MapReduce Introduction
To begin, lets start with the most basic question of what is hadoops Mapreduce? MapReduce is a Simple programming model for data processing. MapReduce is an inherently parallel processing unit. Which essentially consists of 2 phases – Map and Reduce. These 2 are the main units of this programming. It also consists of shuffle, sort and partitioner phases.The Input, the output, and the intermediate results required in MapReduce are represented in the form of key-value pairs.Hadoop MapReduce is a software framework for easily writing applications which process vast amounts of data in-parallel on large of commodity hardware in a reliable, fault-tolerant manner.
MapReduce, the programming model (or programming abstraction), was inspired by the map and reduce primitives in Lisp and other functional programming languages. MapReduce includes two developer-implemented processing phases, the Map phase and the Reduce phase, along with a Shuffle-and-Sort phase, which is implemented by the processing framework. The figure describes the overall MapReduce process. This diagram you see here is an adaptation of the diagram provided in the original Google MapReduce whitepaper.
The Map phase is the initial phase of processing in which we input the dataset from source for processing. The Map phase uses input format and record reader functions in its implementation to derive records in the form of key-value pairs for the input data.
The Map phase then applies a function or functions to each key-value pair over a portion of the dataset. If there were n blocks of data in the input dataset, there would be n Map tasks, also referred to as Mappers. Do note, In reality, there may be more Map task attempts, as a task may fail due to node failure. The Map phase is purposely designed not to share state between processes; in other words, it is a true shared nothing processing stage.After completing the mapper task, the program needs to output its results.
Each map task has a circular memory buffer that it writes the output to. Default size of this buffer is 100mb)
On reaching buffer threshold, contents are spilled to disk.Spills are written in round-robin fashion.This output is considered to be an intermediate output. Hence are usually stored on the local system, instead of hdfs, to avoid data redundancy, caused by data replication. This output is usually absorbed by the reducer phase. The map() functions are valid as long as the function can be executed against a record contained in a portion of the dataset.

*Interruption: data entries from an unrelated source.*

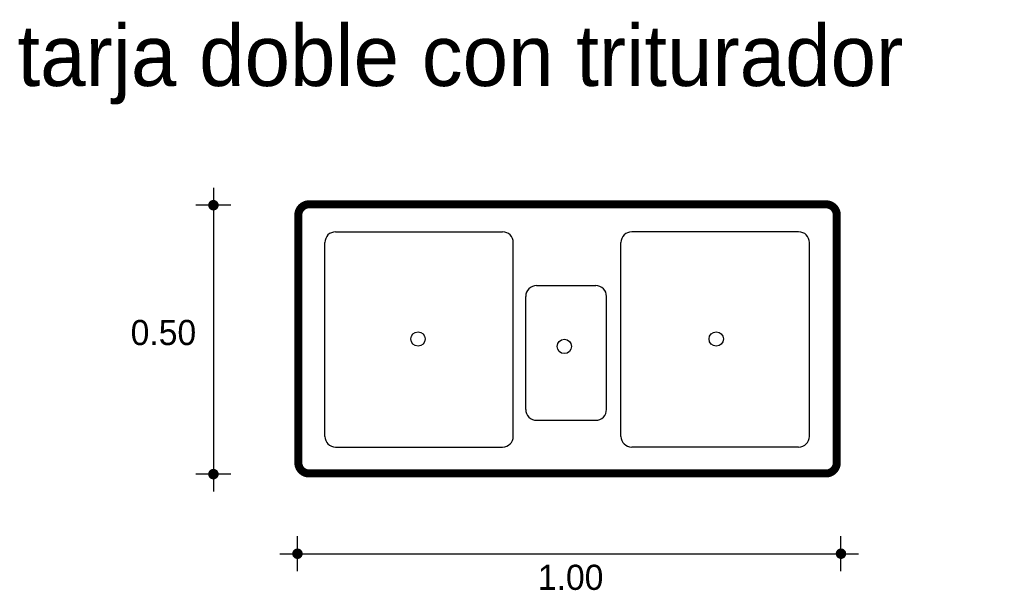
# Model space of a CAD drawing. Extents: x 4.04 to 5.87, y 0.98 to 2.04.
import ezdxf

# ---------------------------------------------------------------- set-up
doc = ezdxf.new("R2010")
doc.units = 0
doc.header["$MEASUREMENT"] = 0
for name, color, linetype in [('BORDE', 2, 'CONTINUOUS'), ('COTAS', 6, 'CONTINUOUS'), ('DIBUJO', 5, 'CONTINUOUS'), ('TEXTO', 4, 'CONTINUOUS')]:
    doc.layers.add(name, color=color, linetype=linetype)

msp = doc.modelspace()

# ---------------------------------------------------------------- linework, layer by layer
at = {"layer": 'BORDE', "const_width": 0.015}
msp.add_lwpolyline([(4.5557, 1.2148, 0.414214), (4.5757, 1.1948), (5.5357, 1.1948, 0.414214), (5.5557, 1.2148), (5.5557, 1.6748, 0.414214), (5.5357, 1.6948), (4.5757, 1.6948, 0.414214), (4.5557, 1.6748)], format="xyb", close=True, dxfattribs=at)
at = {"layer": 'COTAS'}
for p, q in [((4.398, 1.7257), (4.398, 1.161)), ((4.4305, 1.6932), (4.3656, 1.6932)), ((4.4305, 1.1935), (4.3656, 1.1935)), ((4.554, 1.0133), (4.554, 1.0782)), ((5.5634, 1.0133), (5.5634, 1.0782)), ((4.5216, 1.0457), (5.5959, 1.0457))]:
    msp.add_line(p, q, dxfattribs=at)
at = {"layer": 'COTAS', "const_width": 0.00974}
for points in [[(4.3931, 1.6932, 1), (4.4029, 1.6932, 1)], [(4.3931, 1.1935, 1), (4.4029, 1.1935, 1)], [(4.5492, 1.0457, 1), (4.5589, 1.0457, 1)], [(5.5586, 1.0457, 1), (5.5683, 1.0457, 1)]]:
    msp.add_lwpolyline(points, format="xyb", close=True, dxfattribs=at)
at = {"layer": 'DIBUJO'}
for p, q in [((4.5749, 1.6937), (5.5349, 1.6937)), ((4.5549, 1.2137), (4.5549, 1.6737)), ((5.5549, 1.2137), (5.5549, 1.6737)), ((4.6249, 1.6437), (4.9349, 1.6437)), ((5.4849, 1.6437), (5.1749, 1.6437)), ((4.6049, 1.2637), (4.6049, 1.6237)), ((4.9549, 1.2637), (4.9549, 1.6237)), ((5.1549, 1.2637), (5.1549, 1.6237)), ((5.5049, 1.2637), (5.5049, 1.6237)), ((4.9981, 1.5437), (5.1081, 1.5437)), ((4.9781, 1.3137), (4.9781, 1.5237)), ((5.1281, 1.3137), (5.1281, 1.5237)), ((4.9981, 1.2937), (5.1081, 1.2937)), ((4.6249, 1.2437), (4.9349, 1.2437)), ((5.4849, 1.2437), (5.1749, 1.2437)), ((4.5749, 1.1937), (5.5349, 1.1937))]:
    msp.add_line(p, q, dxfattribs=at)
for centre in [(4.778, 1.4446), (5.3318, 1.4446), (5.0498, 1.4308)]:
    msp.add_circle(centre, 0.0133, dxfattribs=at)
for centre, start, end in [((4.5749, 1.6737), 90, 180), ((5.5349, 1.6737), 0, 90), ((4.6249, 1.6237), 90, 180), ((4.9349, 1.6237), 0, 90), ((5.1749, 1.6237), 90, 180), ((5.4849, 1.6237), 0, 90), ((4.9981, 1.5237), 90, 180), ((5.1081, 1.5237), 0, 90), ((4.9981, 1.3137), 180, 270), ((5.1081, 1.3137), 270, 0), ((4.6249, 1.2637), 180, 270), ((4.9349, 1.2637), 270, 0), ((5.1749, 1.2637), 180, 270), ((5.4849, 1.2637), 270, 0), ((4.5749, 1.2137), 180, 270), ((5.5349, 1.2137), 270, 0)]:
    msp.add_arc(centre, 0.02, start, end, dxfattribs=at)

# ---------------------------------------------------------------- texts
at = {"layer": 'COTAS'}
for s, p in [('0.50', (4.2443, 1.4333)), ('1.00', (5.0006, 0.9785))]:
    msp.add_text(s, height=0.04675, dxfattribs=at).set_placement(p)
at = {"layer": 'TEXTO'}
msp.add_text('tarja doble con triturador', height=0.113495, dxfattribs=at).set_placement((4.034, 1.9146))

doc.saveas('drawing.dxf')

The mask task are also referred to as Mappers. Each mapper consists of one or more Map() function. Map() accepts one key-value pair and emits zero or more key-value pairs
The map() function is described in pseudo-code as follows:
map (keyin, valuein) -> list (intermediate_key, intermediate_value)
The list refers to the output from a map() function producing a list of outputs, with a list length of n output key-value pairs (where n could also be zero).Common map() functions include filtering of specific keys, such as filtering log messages if you only wanted to count or analyze ERROR log messages. Another example of a map() function would be to manipulate values, such as a map() function that converts a text value to lowercase.